Section 397Cr.P.C., – Calling for records to exercise powers of revision – ……………..(2) The powers of revision conferred by sub-section (1) shall not be exercised in relation to any interlocutory order passed in any appeal, inquiry, trial or other proceeding.

In general, revisional power has been vested with the High Court and the Court of Session, but the same cannot be exercised insofar as relating to interlocutory orders are concerned. The said provision clearly bar for exercising revisional jurisdiction on an interlocutory, so we have to define what is meant by interlocutory or what is the definition of interlocutory order in order to have better understanding of bar created u/s. 397(2) Cr.P.C.

The term interlocutory order has not been defined in the code, it has been noted in the case reported in Parameswari Devi Vs State – AIR 1977 SC 403= 1977 SCC CRL. 74 . Since the term interlocutory order has not been defined it is very difficult to come to a conclusion as to whether we are challenge a particular order under revisional jurisdiction or not. This doubt arising in mind can be rectified if legislators introduce definition clause or introduce list of interlocutory orders that are amenable to revision u/s. 397 Cr.P.C. Now, we can understand the same from decided cases.

No doubt a law must be clear cogent and should not give any confusion. Since, the term interlocutory order has not been defined nor can we gather meaning of interlocutory order from the language of Section 397 of Cr.P.C. So, we are under some confusion whether to file revision case or to challenge under inherent powers of High Court.

It is to be pointed out here that the learned judicial magistrates during pre-cognizance stage and post-cognizance stage have been passing many orders like remanding an accused to police custody, bail orders, interim custody of property, issuing summons and order u/s. 91 Cr.P.C., discharge of an accused and other orders both at the hands of prosecution and accused. Since there is no definition of interlocutory only after getting rejection of Revisional Court that revision is barred u/s. 397(2) Cr.P.C., we are able to move an application under inherent powers of High Court, so parties right to move sessions court is lost and one more right to move High Court is also lost. So the law makers have to think to define interlocutory order. Delayed justice is denied justice because of this confusion in many maters, parties cannot file proper case before court concerned.

Examples of interlocutory orders

Summoning of witness and bail orders are interlocutory orders.
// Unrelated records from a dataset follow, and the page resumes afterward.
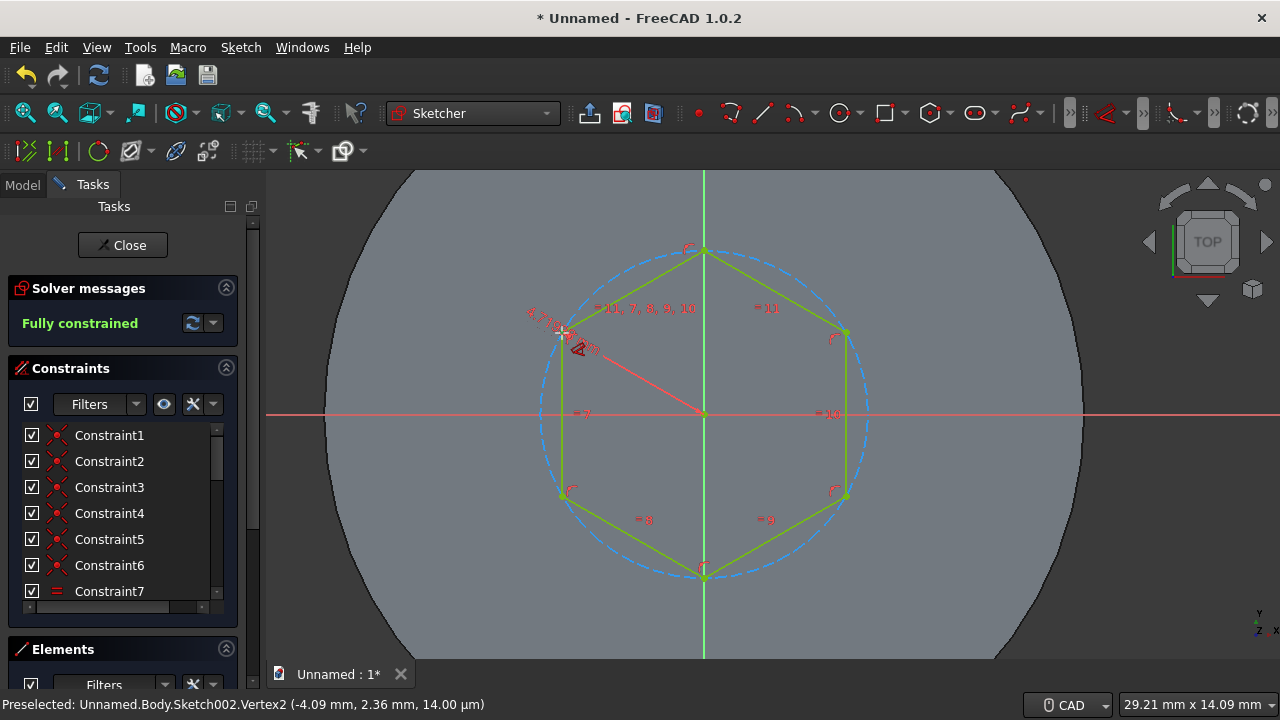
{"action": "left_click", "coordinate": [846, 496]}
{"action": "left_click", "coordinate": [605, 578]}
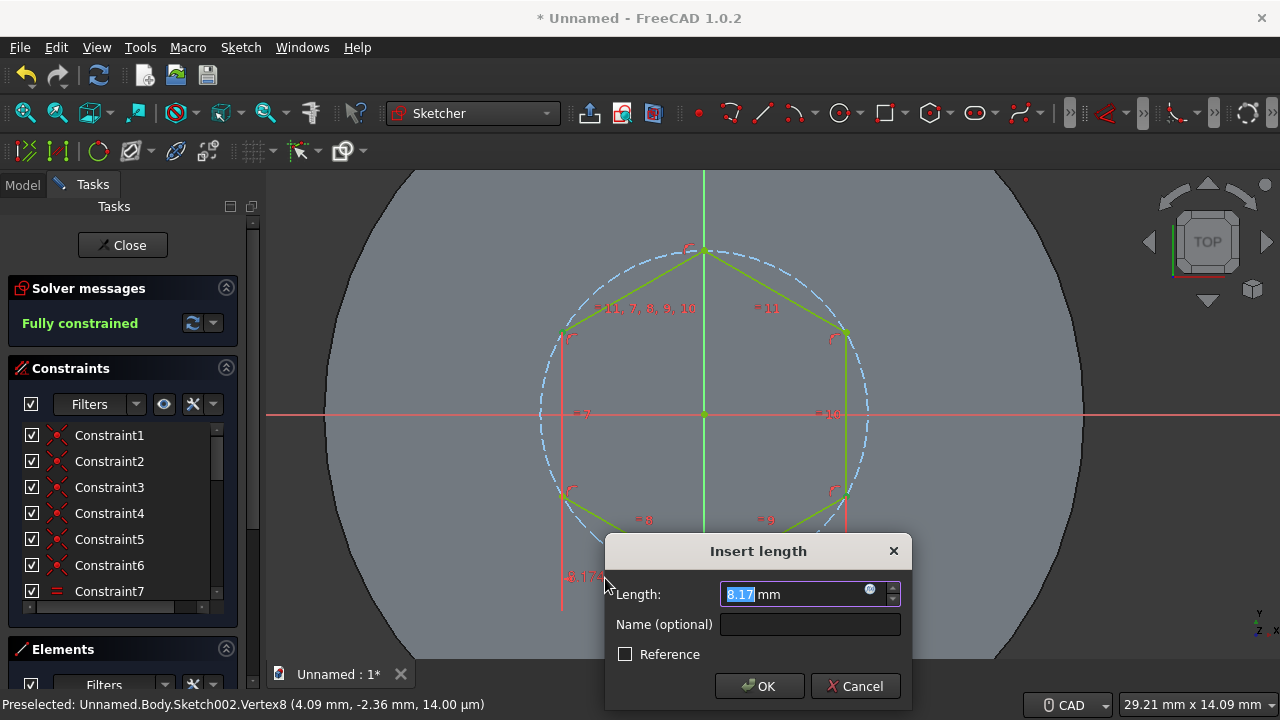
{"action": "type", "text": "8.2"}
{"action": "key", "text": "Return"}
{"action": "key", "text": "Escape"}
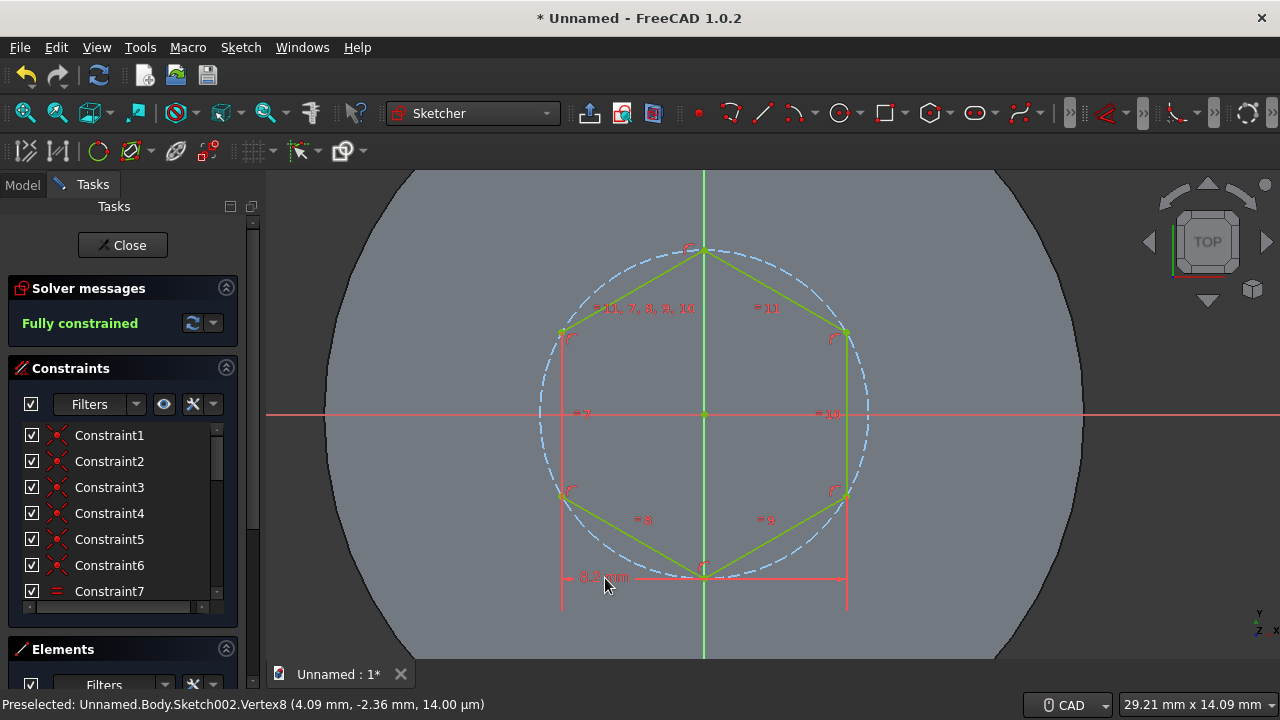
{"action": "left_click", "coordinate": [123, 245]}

Amarnath Vs State – 1977 SCC Crl.585 . The orders issued during the pendency of proceedings without reaching any finality such as summoning of witness releasing an accused on bail are interlocutory orders.

In Sethuraman Vs Rajamanickam – 3. 2009 2 SCC Crl. 627 reported in, it has been held that orders issued u/s. 91 and 311 Cr.P.C., are interlocutory orders.

In Rajendra kumar sitaram pande Vs Uttam – AIR 1999 SC 1028 = 1999(3) SCC 134 it has been held that the order directing issuance of summon is purely interlocutory order and so revision is barred.

Remedy against interlocutory orders

It is needless to say that the aggrieved person on the interlocutory orders are not remediless, they can very well invoke the jurisdiction of high court u/s. 482 Cr.P.C., as decided in the following cases.

i) Prem & others Vs Budharam – 2000 Crl.LJ 790

ii) H.Mohammed Ibrahim Vs State – 2008(2) MLJ Crl. 394

iii) Municipal Corporation of Delhi Vs Ram Kishan rohtagi and other – AIR 1983 SC 67

Section 482 Cr.P.C., has a different parameter and this provision is not controlled by Section 397(2) Cr.P.C. So in appropriate case, the High Court can interfere with the interlocutory order u/s. 482 Cr.P.C.

CONCLUSION

As discussed above it is just and necessary to define the term interlocutory orders in order to avoid multiplicity of proceedings.